Part of the Visual Information Processing and Management project | UniMiB
The purpose of the project is to compare three different methods for retrieving the best 5 similar images given a query one.
Main differences between the proposed methods:
- Extraction feature from the first dense layer of MobileNet v2 (1x1280);
- cosine similarity as similarity measure;
- for-loop structure to check all possible combinations of pairs of images;
- tentative use of KDTree to reduce the complexity of the searching algorithm (from O(n) to O(logn)) but lower performance.

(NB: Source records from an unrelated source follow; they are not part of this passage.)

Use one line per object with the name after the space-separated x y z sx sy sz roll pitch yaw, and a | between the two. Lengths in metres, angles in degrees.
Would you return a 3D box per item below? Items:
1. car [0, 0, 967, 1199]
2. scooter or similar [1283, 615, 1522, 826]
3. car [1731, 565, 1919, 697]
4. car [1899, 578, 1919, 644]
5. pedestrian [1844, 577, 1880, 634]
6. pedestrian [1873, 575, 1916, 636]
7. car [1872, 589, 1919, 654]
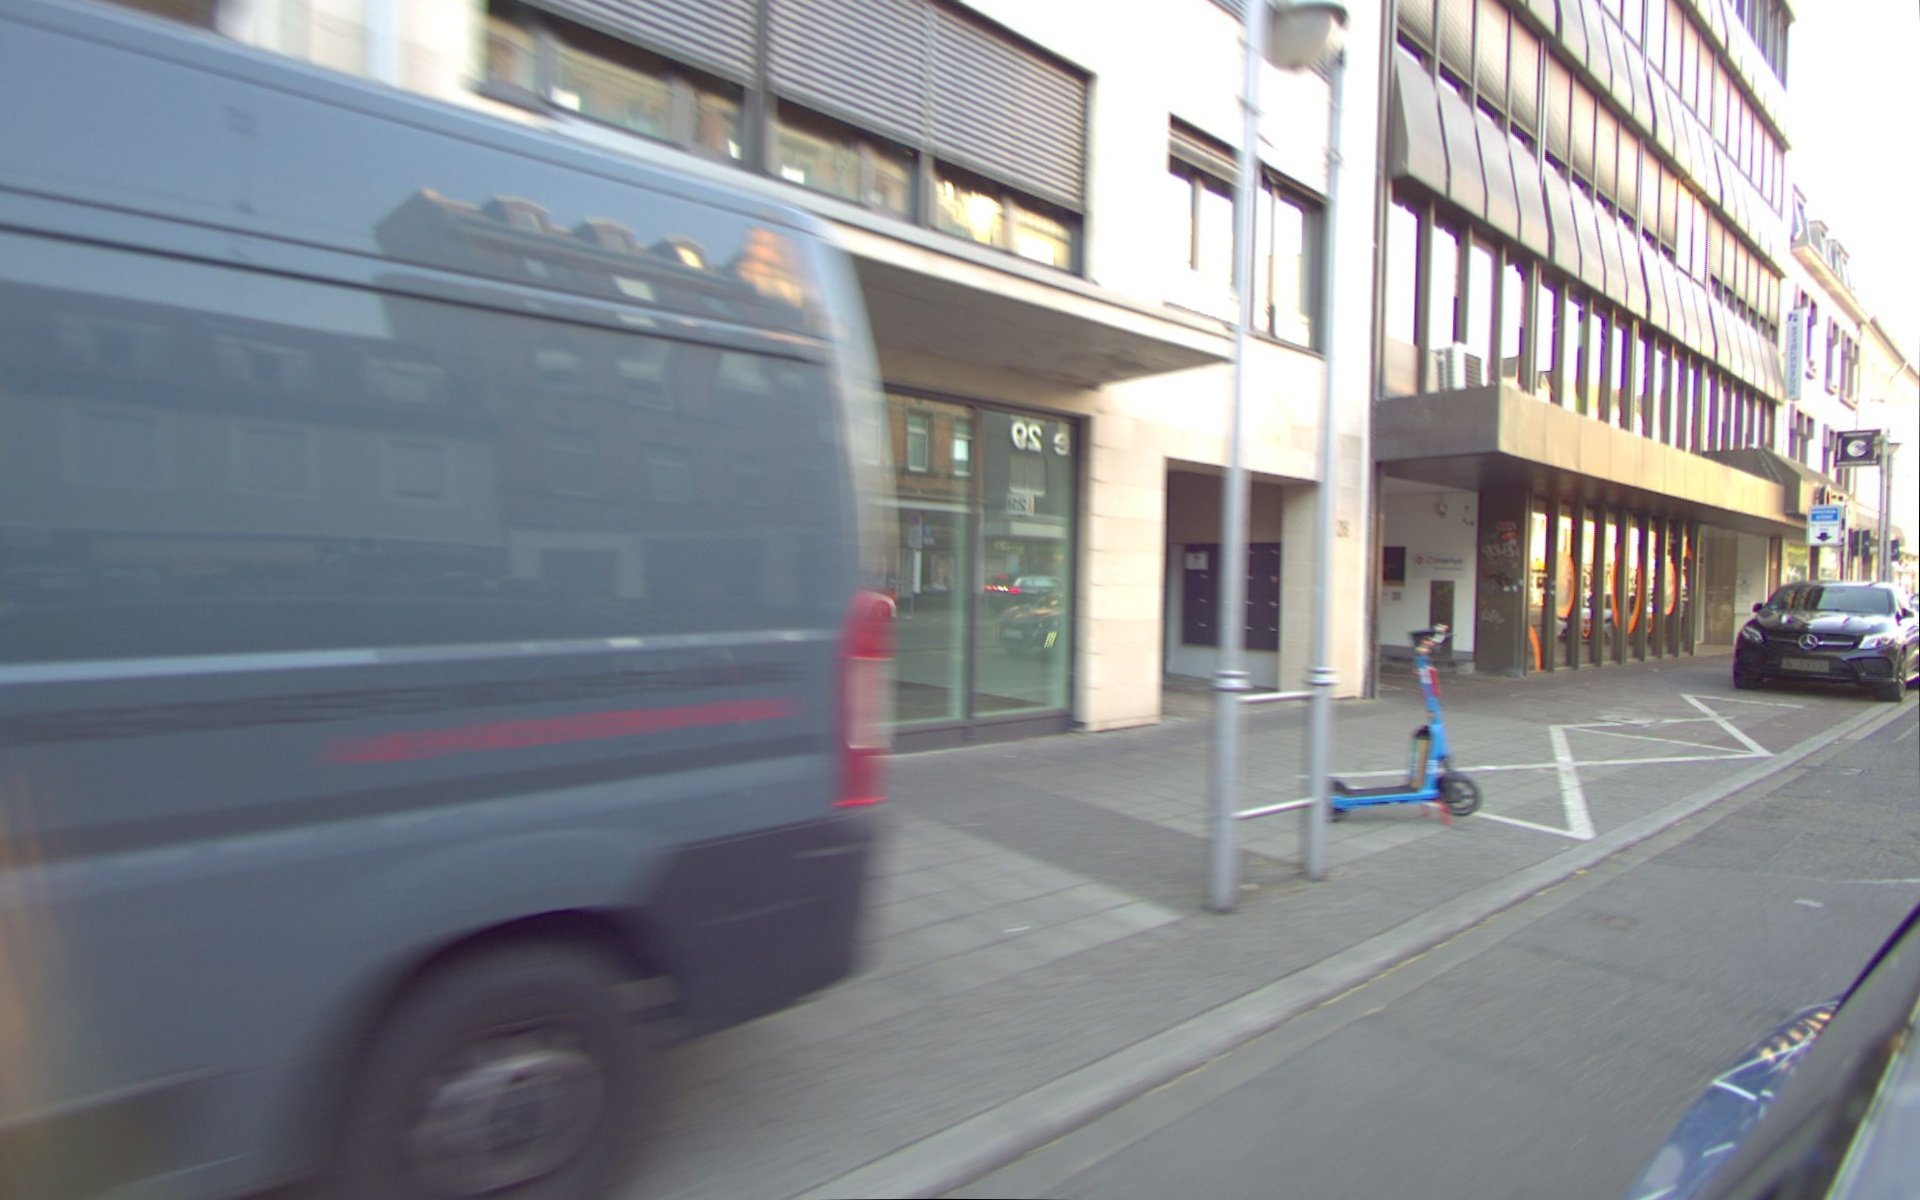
-2.923 0.092 1.600 5.927 2.485 2.097 0 3 -41 | car
2.744 0.734 6.338 1.240 1.235 0.500 1 1 -3 | scooter or similar
14.000 0.388 15.950 4.485 1.748 1.998 0 2 -41 | car
27.632 0.324 27.907 4.496 1.748 1.998 0 3 -41 | car
28.343 0.162 31.815 0.666 1.739 0.651 0 3 -40 | pedestrian
29.119 0.162 31.536 0.911 1.828 0.768 0 3 -39 | pedestrian
23.183 0.509 23.986 3.818 1.451 1.799 0 2 -40 | car

- Identification of the most relevant keypoint of each image using 0.01 as threshold for AKZE descriptors
- application of the K-means clustering algorithm to detect centroids (K = 251);
- representation of each image according to the obtained centroids (BOW approach);
- KNN as similarity measure.
Reference: Muhammad, Usman, et al., "Bag of Words KAZE (BoWK) with two‐step classification for high‐resolution remote sensing images." IET Computer Vision 13.4 (2019): 395-403.
- Definition of embedding model and replication of it using triplet loss;
- each triplet is composed of an Anchor, a Positive example and a Negative one;
- use of the trained NN as feature extractor;
- KNN as similarity measure.
The table below contains the performance of the methods described according to the top-5 accuracy metric.
Approach | Top-5 accuracy |
---|---|
CNN | 31% |
CNN with KDTree | 24% |
BoWA | 7% |
Siamese network | 15% |
As shown in the table, the method that uses transfer learning from a pre-trained CNN obtains the best result.
Note: It is important to underline that during the analysis, some images that are not correctly labeled have emerged; an initial data cleaning step on the original dataset is required to not misleal further analysis.